Как трудно было объяснить и природу северо-ирландского конфликта. ИРА — это кто, национально-освободительное движение или террористы? Когда большой дом-гостиницу в центре города взрывают, погибают люди, Тэтчер чудом осталась жива, — это что, справедливый акт возмездия или чистой воды теракт?
Или вот другой урок Тэтчер. Когда в 1983 году США вторглись на Гренаду, островное карибское государство, где происходило нечто похожее на кубинскую революцию, Рейган ничего не сообщил о своих планах Тэтчер. Она сочла это предательством, тем более, что главой государства там оставалась формально королева Великобритании. Она позвонила Рейгану и отчитала его как нашкодившего мальчишку. Очевидцы рассказывают, что Рейган слушал, не пытаясь вставить и слова, потом отнял от уха телефонную трубку, поднял ее так, чтобы всем в кабинете было слышно, что говорит Тэтчер, и, зажмурившись от удовольствия, сказал: «Ну правда, как она хороша!»
Отношения на много месяцев испортились. До тех пор, пока не настала пора новых отношений с СССР эпохи Горбачева.

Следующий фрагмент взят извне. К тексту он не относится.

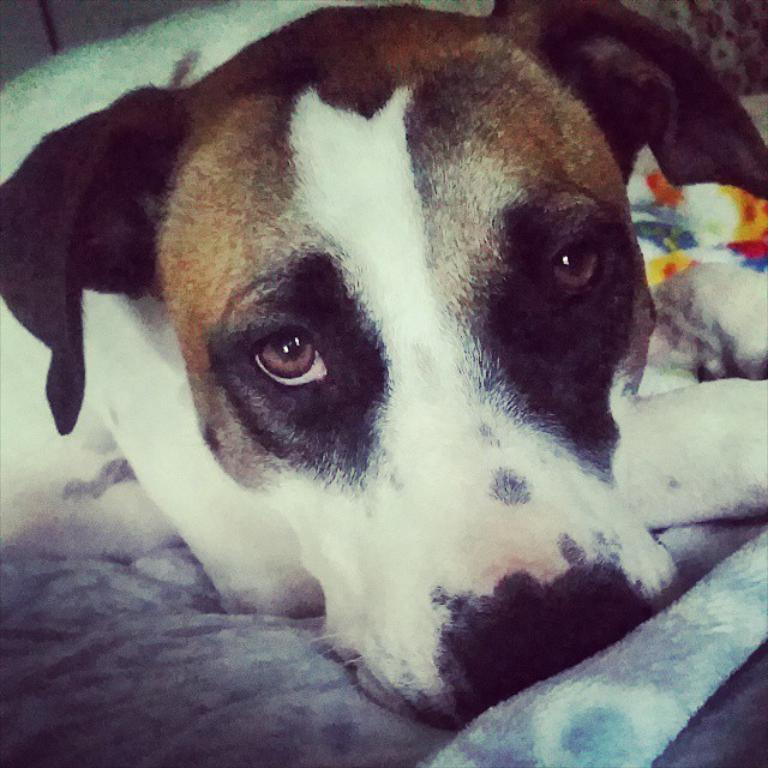What animal can be seen in the image? There is a dog in the image. What is the dog doing in the image? The dog is lying on a quilt. How tall is the giraffe in the image? There is no giraffe present in the image; it features a dog lying on a quilt. What type of camera was used to take the picture? The facts provided do not mention the camera used to take the picture, so we cannot determine the type of camera used.

Нам, журналистам и аналитикам, уже не на уровне политической верхушки, а в масштабе всей страны, так же трудно было и с «горбиманией» на Западе, и с огромной популярностью Тэтчер в СССР.
Популярность Горбачева за границей не давала ему плюсов дома, а ненависть многих англичан к Тэтчер до сих пор поражает русских в Англии. Здесь, на Западе, неприязнь к Горбачеву среди многих русских так же трудно объяснять, как и популярность Тэтчер в России.
И всё же. Вспомним другое: с того чем начиналось. С настроения волнующей свежести, смелой новизны и открытости. Как продолжилось — это другая история. Один российский комментатор, например, едко заметил, что «Горби» просто не повезло с нами, с народом, зато нам повезло с ним.
Тогда после короткого ужаса андроповского правления, когда и у них, и у нас стали "мыслить о немыслимом" – то есть о реальности всеобщей ядерной войны, наступил такой же короткий убаюкивающий маразм черненковского секретарства. Афган продолжался, ощущение кризиса нарастало.
И вдруг, в декабре 1984-го, мы увидели новое, свежее лицо будущей России. Горбачев, еще не генсек, но явно уже наследник кремлевского престола, приехал в Лондон с коротким, чуть ли не секретным визитом. У них с Тэтчер прошла небольшая встреча — лицом к лицу. И после на весь мир прозвенело свежо и ободряюще тэтчеровское: «Мне нравится мистер Горбачев. Мы можем вместе делать дело».
С этого началась «горбимания».
С этого начался конец холодной войны. Началось освобождение. Двадцатый век кончался с надеждой.
Если что не так вышло, не будем винить Тэтчер. «The lady’s not for turning, — как говорила она в одной из своих самых знаментых речей. — Даму не разворачивают». «If you want a U-turn, you turn. — Хотите разворачиваться — разворачивайтесь сами».